Yes — zinc is directly involved in testosterone synthesis, and zinc deficiency reliably reduces testosterone levels. Supplementing zinc in deficient men reliably restores testosterone. However, supplementing zinc when you're already zinc-sufficient does not boost testosterone above normal levels. The key question isn't whether zinc works — it's whether you're deficient, and many men are.
Why zinc matters for testosterone
Zinc is required at multiple points in the testosterone production pathway. It's necessary for the function of enzymes involved in steroid hormone synthesis, plays a structural role in the androgen receptor (the receptor testosterone binds to in target tissues), supports Leydig cell function in the testes (where testosterone is produced), is involved in the conversion of androstenedione to testosterone, and helps regulate GnRH (gonadotropin-releasing hormone) from the hypothalamus, which triggers the LH signal that drives testosterone production.

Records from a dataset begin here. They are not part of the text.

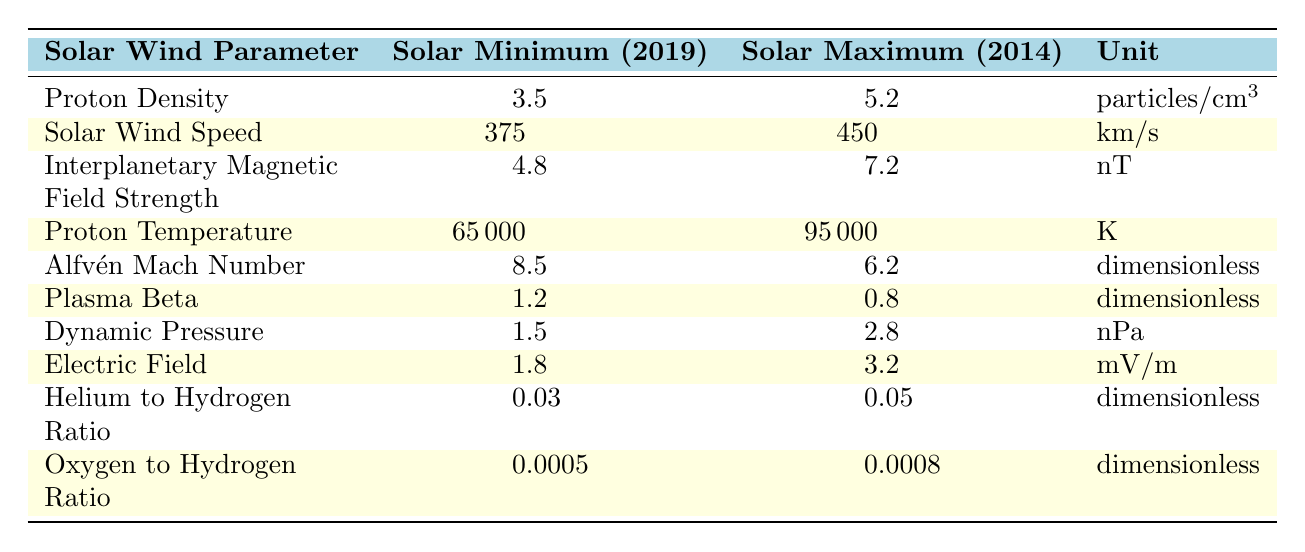What is the proton density during solar maximum in 2014? According to the table, the proton density during solar maximum in 2014 is specifically listed as 5.2 particles/cm³.
Answer: 5.2 particles/cm³ What was the solar wind speed during solar minimum in 2019? The table shows that the solar wind speed during solar minimum in 2019 is recorded as 375 km/s.
Answer: 375 km/s What is the difference in interplanetary magnetic field strength between solar maximum and solar minimum? The interplanetary magnetic field strength at solar maximum is 7.2 nT and at solar minimum it is 4.8 nT. The difference is 7.2 - 4.8 = 2.4 nT.
Answer: 2.4 nT Which solar wind parameter shows an increase from solar minimum to maximum? Proton density, solar wind speed, interplanetary magnetic field strength, and proton temperature all show increases when comparing 2019 (solar minimum) to 2014 (solar maximum).
Answer: Proton density, solar wind speed, interplanetary magnetic field strength, proton temperature What is the average dynamic pressure during solar minimum and maximum? The dynamic pressure during solar minimum is 1.5 nPa and during solar maximum it is 2.8 nPa. The average is (1.5 + 2.8) / 2 = 2.15 nPa.
Answer: 2.15 nPa Is the Alfvén Mach number higher during solar minimum or maximum? The Alfvén Mach number is 8.5 during solar minimum and 6.2 during solar maximum, indicating that it is higher during solar minimum.
Answer: Higher during solar minimum What can you conclude about the proton temperature in relation to solar activity? The proton temperature is higher during solar maximum (95000 K) compared to solar minimum (65000 K), suggesting increased thermal energy and solar activity.
Answer: Higher during solar maximum If the solar wind speed is averaged between solar minimum and maximum, what is the result? The solar wind speed during solar minimum is 375 km/s and during maximum is 450 km/s. The average is (375 + 450) / 2 = 412.5 km/s.
Answer: 412.5 km/s Is the electric field stronger during solar maximum than solar minimum? Yes, the electric field is 3.2 mV/m during solar maximum and 1.8 mV/m during solar minimum, indicating it is stronger in maximum.
Answer: Yes What is the trend in Helium to Hydrogen ratio from solar minimum to maximum? The ratio increases from 0.03 during solar minimum to 0.05 during solar maximum, indicating a rising trend.
Answer: Increases Which solar wind parameter has the greatest absolute change from minimum to maximum? The change in proton temperature is the greatest, increasing from 65000 K to 95000 K, which is a change of 30000 K.
Answer: Proton temperature

Without adequate zinc, these processes slow down — and testosterone production drops accordingly.
The evidence: Deficiency and restoration
The most cited study is Prasad et al. (1996), which demonstrated a clear relationship between zinc and testosterone. When young healthy men were placed on a zinc-restricted diet for 20 weeks, their serum testosterone dropped significantly. When older men with marginal zinc deficiency were given zinc supplements (30mg/day), their testosterone increased from 8.3 nmol/L to 16.0 nmol/L — nearly doubling.
Hunt et al. (1992) demonstrated that zinc depletion in healthy men led to reduced testosterone and reduced sperm count, both of which recovered with zinc repletion.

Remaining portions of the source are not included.